■ **AVAILABLE DATA**:

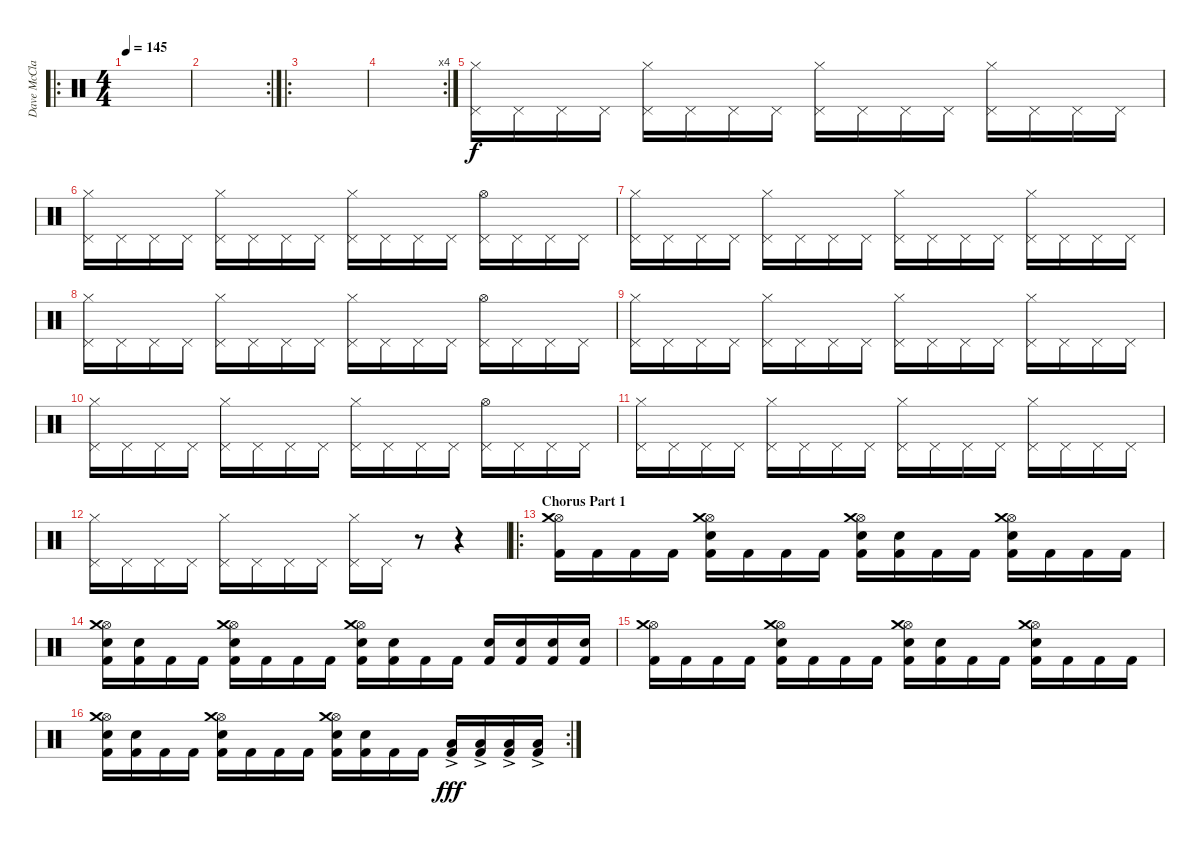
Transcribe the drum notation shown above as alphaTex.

\track ("Dave McClain" "Dave McCla") {instrument percussion}
\staff {score}
\articulation defaults
\ro
\ts (4 4)
\tempo 145
\clef neutral
\ks c
|
\rc 2
|
\ro
|
\rc 4
|
("Pedal Hi-Hat (hit)" "Hi-Hat (closed)").16 "Pedal Hi-Hat (hit)".16 "Pedal Hi-Hat (hit)".16 "Pedal Hi-Hat (hit)".16 ("Pedal Hi-Hat (hit)" "Hi-Hat (closed)").16 "Pedal Hi-Hat (hit)".16 "Pedal Hi-Hat (hit)".16 "Pedal Hi-Hat (hit)".16 ("Pedal Hi-Hat (hit)" "Hi-Hat (closed)").16 "Pedal Hi-Hat (hit)".16 "Pedal Hi-Hat (hit)".16 "Pedal Hi-Hat (hit)".16 ("Pedal Hi-Hat (hit)" "Hi-Hat (closed)").16 "Pedal Hi-Hat (hit)".16 "Pedal Hi-Hat (hit)".16 "Pedal Hi-Hat (hit)".16 |
("Pedal Hi-Hat (hit)" "Hi-Hat (closed)").16 "Pedal Hi-Hat (hit)".16 "Pedal Hi-Hat (hit)".16 "Pedal Hi-Hat (hit)".16 ("Pedal Hi-Hat (hit)" "Hi-Hat (closed)").16 "Pedal Hi-Hat (hit)".16 "Pedal Hi-Hat (hit)".16 "Pedal Hi-Hat (hit)".16 ("Pedal Hi-Hat (hit)" "Hi-Hat (closed)").16 "Pedal Hi-Hat (hit)".16 "Pedal Hi-Hat (hit)".16 "Pedal Hi-Hat (hit)".16 ("Pedal Hi-Hat (hit)" "Hi-Hat (open)").16 "Pedal Hi-Hat (hit)".16 "Pedal Hi-Hat (hit)".16 "Pedal Hi-Hat (hit)".16 |
("Pedal Hi-Hat (hit)" "Hi-Hat (closed)").16 "Pedal Hi-Hat (hit)".16 "Pedal Hi-Hat (hit)".16 "Pedal Hi-Hat (hit)".16 ("Pedal Hi-Hat (hit)" "Hi-Hat (closed)").16 "Pedal Hi-Hat (hit)".16 "Pedal Hi-Hat (hit)".16 "Pedal Hi-Hat (hit)".16 ("Pedal Hi-Hat (hit)" "Hi-Hat (closed)").16 "Pedal Hi-Hat (hit)".16 "Pedal Hi-Hat (hit)".16 "Pedal Hi-Hat (hit)".16 ("Pedal Hi-Hat (hit)" "Hi-Hat (closed)").16 "Pedal Hi-Hat (hit)".16 "Pedal Hi-Hat (hit)".16 "Pedal Hi-Hat (hit)".16 |
("Pedal Hi-Hat (hit)" "Hi-Hat (closed)").16 "Pedal Hi-Hat (hit)".16 "Pedal Hi-Hat (hit)".16 "Pedal Hi-Hat (hit)".16 ("Pedal Hi-Hat (hit)" "Hi-Hat (closed)").16 "Pedal Hi-Hat (hit)".16 "Pedal Hi-Hat (hit)".16 "Pedal Hi-Hat (hit)".16 ("Pedal Hi-Hat (hit)" "Hi-Hat (closed)").16 "Pedal Hi-Hat (hit)".16 "Pedal Hi-Hat (hit)".16 "Pedal Hi-Hat (hit)".16 ("Pedal Hi-Hat (hit)" "Hi-Hat (open)").16 "Pedal Hi-Hat (hit)".16 "Pedal Hi-Hat (hit)".16 "Pedal Hi-Hat (hit)".16 |
("Pedal Hi-Hat (hit)" "Hi-Hat (closed)").16 "Pedal Hi-Hat (hit)".16 "Pedal Hi-Hat (hit)".16 "Pedal Hi-Hat (hit)".16 ("Pedal Hi-Hat (hit)" "Hi-Hat (closed)").16 "Pedal Hi-Hat (hit)".16 "Pedal Hi-Hat (hit)".16 "Pedal Hi-Hat (hit)".16 ("Pedal Hi-Hat (hit)" "Hi-Hat (closed)").16 "Pedal Hi-Hat (hit)".16 "Pedal Hi-Hat (hit)".16 "Pedal Hi-Hat (hit)".16 ("Pedal Hi-Hat (hit)" "Hi-Hat (closed)").16 "Pedal Hi-Hat (hit)".16 "Pedal Hi-Hat (hit)".16 "Pedal Hi-Hat (hit)".16 |
("Pedal Hi-Hat (hit)" "Hi-Hat (closed)").16 "Pedal Hi-Hat (hit)".16 "Pedal Hi-Hat (hit)".16 "Pedal Hi-Hat (hit)".16 ("Pedal Hi-Hat (hit)" "Hi-Hat (closed)").16 "Pedal Hi-Hat (hit)".16 "Pedal Hi-Hat (hit)".16 "Pedal Hi-Hat (hit)".16 ("Pedal Hi-Hat (hit)" "Hi-Hat (closed)").16 "Pedal Hi-Hat (hit)".16 "Pedal Hi-Hat (hit)".16 "Pedal Hi-Hat (hit)".16 ("Pedal Hi-Hat (hit)" "Hi-Hat (open)").16 "Pedal Hi-Hat (hit)".16 "Pedal Hi-Hat (hit)".16 "Pedal Hi-Hat (hit)".16 |
("Pedal Hi-Hat (hit)" "Hi-Hat (closed)").16 "Pedal Hi-Hat (hit)".16 "Pedal Hi-Hat (hit)".16 "Pedal Hi-Hat (hit)".16 ("Pedal Hi-Hat (hit)" "Hi-Hat (closed)").16 "Pedal Hi-Hat (hit)".16 "Pedal Hi-Hat (hit)".16 "Pedal Hi-Hat (hit)".16 ("Pedal Hi-Hat (hit)" "Hi-Hat (closed)").16 "Pedal Hi-Hat (hit)".16 "Pedal Hi-Hat (hit)".16 "Pedal Hi-Hat (hit)".16 ("Pedal Hi-Hat (hit)" "Hi-Hat (closed)").16 "Pedal Hi-Hat (hit)".16 "Pedal Hi-Hat (hit)".16 "Pedal Hi-Hat (hit)".16 |
("Pedal Hi-Hat (hit)" "Hi-Hat (closed)").16 "Pedal Hi-Hat (hit)".16 "Pedal Hi-Hat (hit)".16 "Pedal Hi-Hat (hit)".16 ("Pedal Hi-Hat (hit)" "Hi-Hat (closed)").16 "Pedal Hi-Hat (hit)".16 "Pedal Hi-Hat (hit)".16 "Pedal Hi-Hat (hit)".16 ("Pedal Hi-Hat (hit)" "Hi-Hat (closed)").16 "Pedal Hi-Hat (hit)".16 r.8 r.4 |
\ro
\section ("" "Chorus Part 1")
("Hi-Hat (open)" "Crash medium (hit)" "Kick (hit) 2").16{dy f} "Kick (hit) 2".16 "Kick (hit) 2".16 "Kick (hit) 2".16 ("Hi-Hat (open)" "Crash medium (hit)" "Snare (hit) 2" "Kick (hit) 2").16 "Kick (hit) 2".16 "Kick (hit) 2".16 "Kick (hit) 2".16 ("Hi-Hat (open)" "Crash medium (hit)" "Snare (hit) 2" "Kick (hit) 2").16 ("Snare (hit) 2" "Kick (hit) 2").16 "Kick (hit) 2".16 "Kick (hit) 2".16 ("Hi-Hat (open)" "Crash medium (hit)" "Snare (hit) 2" "Kick (hit) 2").16 "Kick (hit) 2".16 "Kick (hit) 2".16 "Kick (hit) 2".16 |
("Hi-Hat (open)" "Crash medium (hit)" "Snare (hit) 2" "Kick (hit) 2").16 ("Snare (hit) 2" "Kick (hit) 2").16 "Kick (hit) 2".16 "Kick (hit) 2".16 ("Hi-Hat (open)" "Crash medium (hit)" "Snare (hit) 2" "Kick (hit) 2").16 "Kick (hit) 2".16 "Kick (hit) 2".16 "Kick (hit) 2".16 ("Hi-Hat (open)" "Crash medium (hit)" "Snare (hit) 2" "Kick (hit) 2").16 ("Snare (hit) 2" "Kick (hit) 2").16 "Kick (hit) 2".16 "Kick (hit) 2".16 ("Snare (hit) 2" "Kick (hit) 2").16 ("Snare (hit) 2" "Kick (hit) 2").16 ("Snare (hit) 2" "Kick (hit) 2").16 ("Snare (hit) 2" "Kick (hit) 2").16 |
("Hi-Hat (open)" "Crash medium (hit)" "Kick (hit) 2").16 "Kick (hit) 2".16 "Kick (hit) 2".16 "Kick (hit) 2".16 ("Hi-Hat (open)" "Crash medium (hit)" "Snare (hit) 2" "Kick (hit) 2").16 "Kick (hit) 2".16 "Kick (hit) 2".16 "Kick (hit) 2".16 ("Hi-Hat (open)" "Crash medium (hit)" "Snare (hit) 2" "Kick (hit) 2").16 ("Snare (hit) 2" "Kick (hit) 2").16 "Kick (hit) 2".16 "Kick (hit) 2".16 ("Hi-Hat (open)" "Crash medium (hit)" "Snare (hit) 2" "Kick (hit) 2").16 "Kick (hit) 2".16 "Kick (hit) 2".16 "Kick (hit) 2".16 |
\rc 2
("Hi-Hat (open)" "Crash medium (hit)" "Snare (hit) 2" "Kick (hit) 2").16 ("Snare (hit) 2" "Kick (hit) 2").16 "Kick (hit) 2".16 "Kick (hit) 2".16 ("Hi-Hat (open)" "Crash medium (hit)" "Snare (hit) 2" "Kick (hit) 2").16 "Kick (hit) 2".16 "Kick (hit) 2".16 "Kick (hit) 2".16 ("Hi-Hat (open)" "Crash medium (hit)" "Snare (hit) 2" "Kick (hit) 2").16 ("Snare (hit) 2" "Kick (hit) 2").16 "Kick (hit) 2".16 "Kick (hit) 2".16 ("Low Tom (hit)"{ac} "Kick (hit) 2").16{dy fff} ("Low Tom (hit)"{ac} "Kick (hit) 2").16 ("Low Tom (hit)"{ac} "Kick (hit) 2").16 ("Low Tom (hit)"{ac} "Kick (hit) 2").16
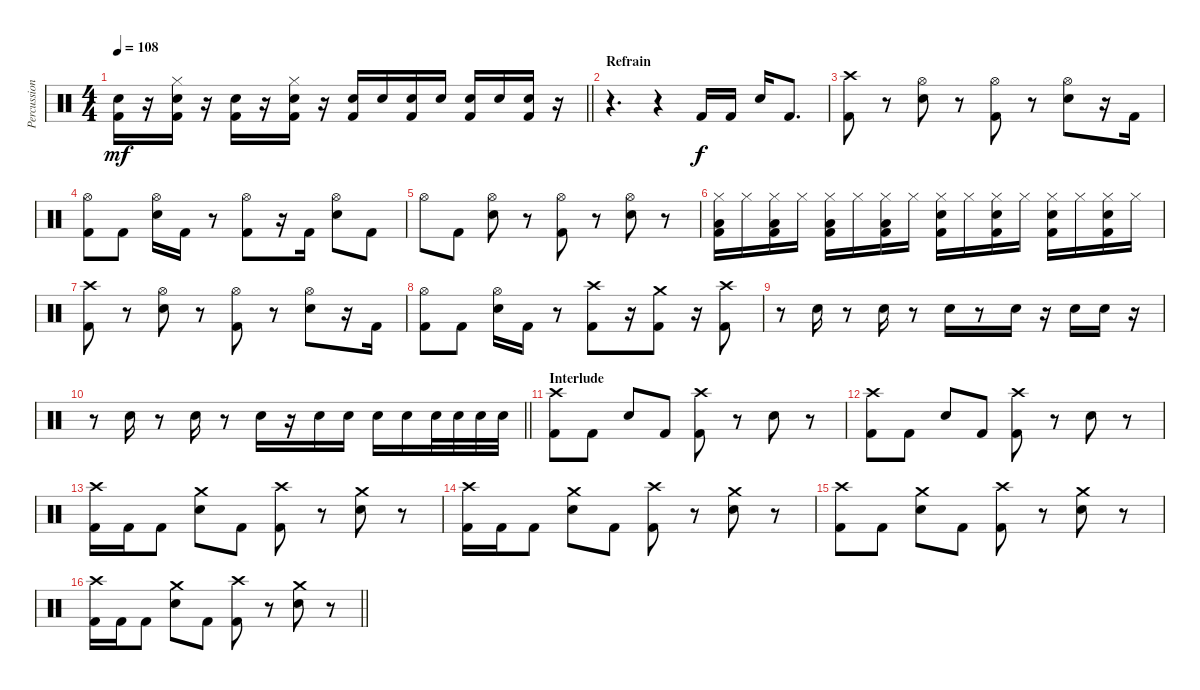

■ **WORK ITEM**: Read the entries and pick out all lines that include the word "medium".

■ **EXERCISE OUTPUT**:
("Hi-Hat (open)" "Crash medium (hit)" "Kick (hit) 2").16{dy f} "Kick (hit) 2".16 "Kick (hit) 2".16 "Kick (hit) 2".16 ("Hi-Hat (open)" "Crash medium (hit)" "Snare (hit) 2" "Kick (hit) 2").16 "Kick (hit) 2".16 "Kick (hit) 2".16 "Kick (hit) 2".16 ("Hi-Hat (open)" "Crash medium (hit)" "Snare (hit) 2" "Kick (hit) 2").16 ("Snare (hit) 2" "Kick (hit) 2").16 "Kick (hit) 2".16 "Kick (hit) 2".16 ("Hi-Hat (open)" "Crash medium (hit)" "Snare (hit) 2" "Kick (hit) 2").16 "Kick (hit) 2".16 "Kick (hit) 2".16 "Kick (hit) 2".16 |
("Hi-Hat (open)" "Crash medium (hit)" "Snare (hit) 2" "Kick (hit) 2").16 ("Snare (hit) 2" "Kick (hit) 2").16 "Kick (hit) 2".16 "Kick (hit) 2".16 ("Hi-Hat (open)" "Crash medium (hit)" "Snare (hit) 2" "Kick (hit) 2").16 "Kick (hit) 2".16 "Kick (hit) 2".16 "Kick (hit) 2".16 ("Hi-Hat (open)" "Crash medium (hit)" "Snare (hit) 2" "Kick (hit) 2").16 ("Snare (hit) 2" "Kick (hit) 2").16 "Kick (hit) 2".16 "Kick (hit) 2".16 ("Snare (hit) 2" "Kick (hit) 2").16 ("Snare (hit) 2" "Kick (hit) 2").16 ("Snare (hit) 2" "Kick (hit) 2").16 ("Snare (hit) 2" "Kick (hit) 2").16 |
("Hi-Hat (open)" "Crash medium (hit)" "Kick (hit) 2").16 "Kick (hit) 2".16 "Kick (hit) 2".16 "Kick (hit) 2".16 ("Hi-Hat (open)" "Crash medium (hit)" "Snare (hit) 2" "Kick (hit) 2").16 "Kick (hit) 2".16 "Kick (hit) 2".16 "Kick (hit) 2".16 ("Hi-Hat (open)" "Crash medium (hit)" "Snare (hit) 2" "Kick (hit) 2").16 ("Snare (hit) 2" "Kick (hit) 2").16 "Kick (hit) 2".16 "Kick (hit) 2".16 ("Hi-Hat (open)" "Crash medium (hit)" "Snare (hit) 2" "Kick (hit) 2").16 "Kick (hit) 2".16 "Kick (hit) 2".16 "Kick (hit) 2".16 |
("Hi-Hat (open)" "Crash medium (hit)" "Snare (hit) 2" "Kick (hit) 2").16 ("Snare (hit) 2" "Kick (hit) 2").16 "Kick (hit) 2".16 "Kick (hit) 2".16 ("Hi-Hat (open)" "Crash medium (hit)" "Snare (hit) 2" "Kick (hit) 2").16 "Kick (hit) 2".16 "Kick (hit) 2".16 "Kick (hit) 2".16 ("Hi-Hat (open)" "Crash medium (hit)" "Snare (hit) 2" "Kick (hit) 2").16 ("Snare (hit) 2" "Kick (hit) 2").16 "Kick (hit) 2".16 "Kick (hit) 2".16 ("Low Tom (hit)"{ac} "Kick (hit) 2").16{dy fff} ("Low Tom (hit)"{ac} "Kick (hit) 2").16 ("Low Tom (hit)"{ac} "Kick (hit) 2").16 ("Low Tom (hit)"{ac} "Kick (hit) 2").16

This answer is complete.